Data extracted from a collection:
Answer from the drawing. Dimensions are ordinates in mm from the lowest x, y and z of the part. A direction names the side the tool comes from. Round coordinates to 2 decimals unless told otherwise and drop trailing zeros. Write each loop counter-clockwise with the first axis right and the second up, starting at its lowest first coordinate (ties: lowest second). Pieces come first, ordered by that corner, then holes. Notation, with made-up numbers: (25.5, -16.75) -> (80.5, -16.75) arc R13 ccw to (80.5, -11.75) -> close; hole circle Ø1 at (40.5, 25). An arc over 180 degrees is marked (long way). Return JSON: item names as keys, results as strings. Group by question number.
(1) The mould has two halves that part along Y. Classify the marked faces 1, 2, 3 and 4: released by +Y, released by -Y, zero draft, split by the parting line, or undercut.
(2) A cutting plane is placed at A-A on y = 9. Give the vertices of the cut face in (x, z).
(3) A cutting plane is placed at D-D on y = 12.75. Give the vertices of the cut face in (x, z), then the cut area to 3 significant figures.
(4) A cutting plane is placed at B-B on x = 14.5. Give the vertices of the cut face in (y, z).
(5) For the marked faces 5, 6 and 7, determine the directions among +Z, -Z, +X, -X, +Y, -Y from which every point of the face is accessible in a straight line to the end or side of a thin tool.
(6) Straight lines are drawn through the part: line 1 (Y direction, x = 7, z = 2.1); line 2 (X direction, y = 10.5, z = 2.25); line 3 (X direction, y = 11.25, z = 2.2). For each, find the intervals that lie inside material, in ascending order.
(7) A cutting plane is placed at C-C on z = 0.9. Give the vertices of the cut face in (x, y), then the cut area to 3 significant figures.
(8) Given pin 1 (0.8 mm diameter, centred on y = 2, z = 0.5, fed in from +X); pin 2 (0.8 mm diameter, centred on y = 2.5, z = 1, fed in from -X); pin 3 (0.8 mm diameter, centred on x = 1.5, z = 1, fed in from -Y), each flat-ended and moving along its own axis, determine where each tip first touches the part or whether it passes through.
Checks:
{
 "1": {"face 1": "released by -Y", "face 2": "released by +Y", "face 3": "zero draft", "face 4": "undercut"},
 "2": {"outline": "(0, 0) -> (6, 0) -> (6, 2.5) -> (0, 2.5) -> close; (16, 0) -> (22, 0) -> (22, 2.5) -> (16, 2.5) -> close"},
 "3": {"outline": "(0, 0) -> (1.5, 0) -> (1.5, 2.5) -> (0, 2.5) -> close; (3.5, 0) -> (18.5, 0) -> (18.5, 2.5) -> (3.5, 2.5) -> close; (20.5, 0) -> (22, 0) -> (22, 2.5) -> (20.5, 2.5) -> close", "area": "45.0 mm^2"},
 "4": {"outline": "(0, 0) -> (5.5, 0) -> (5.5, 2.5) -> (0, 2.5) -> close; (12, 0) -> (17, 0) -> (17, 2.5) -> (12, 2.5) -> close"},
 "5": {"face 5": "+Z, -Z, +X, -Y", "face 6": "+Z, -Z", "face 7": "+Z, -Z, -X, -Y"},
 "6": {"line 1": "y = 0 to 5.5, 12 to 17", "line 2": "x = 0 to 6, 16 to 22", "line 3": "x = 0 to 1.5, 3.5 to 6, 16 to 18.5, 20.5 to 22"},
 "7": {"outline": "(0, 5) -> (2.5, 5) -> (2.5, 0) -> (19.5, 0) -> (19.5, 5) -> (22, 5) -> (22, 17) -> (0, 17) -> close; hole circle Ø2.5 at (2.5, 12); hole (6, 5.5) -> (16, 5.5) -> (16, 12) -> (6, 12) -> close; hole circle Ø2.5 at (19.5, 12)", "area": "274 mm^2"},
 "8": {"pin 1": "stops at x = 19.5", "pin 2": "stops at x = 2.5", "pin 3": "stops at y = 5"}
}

# [TASK DETAILS]
Filter the records above and return every line that holds the word "figures".

# [REPLY]
(3) A cutting plane is placed at D-D on y = 12.75. Give the vertices of the cut face in (x, z), then the cut area to 3 significant figures.
(7) A cutting plane is placed at C-C on z = 0.9. Give the vertices of the cut face in (x, y), then the cut area to 3 significant figures.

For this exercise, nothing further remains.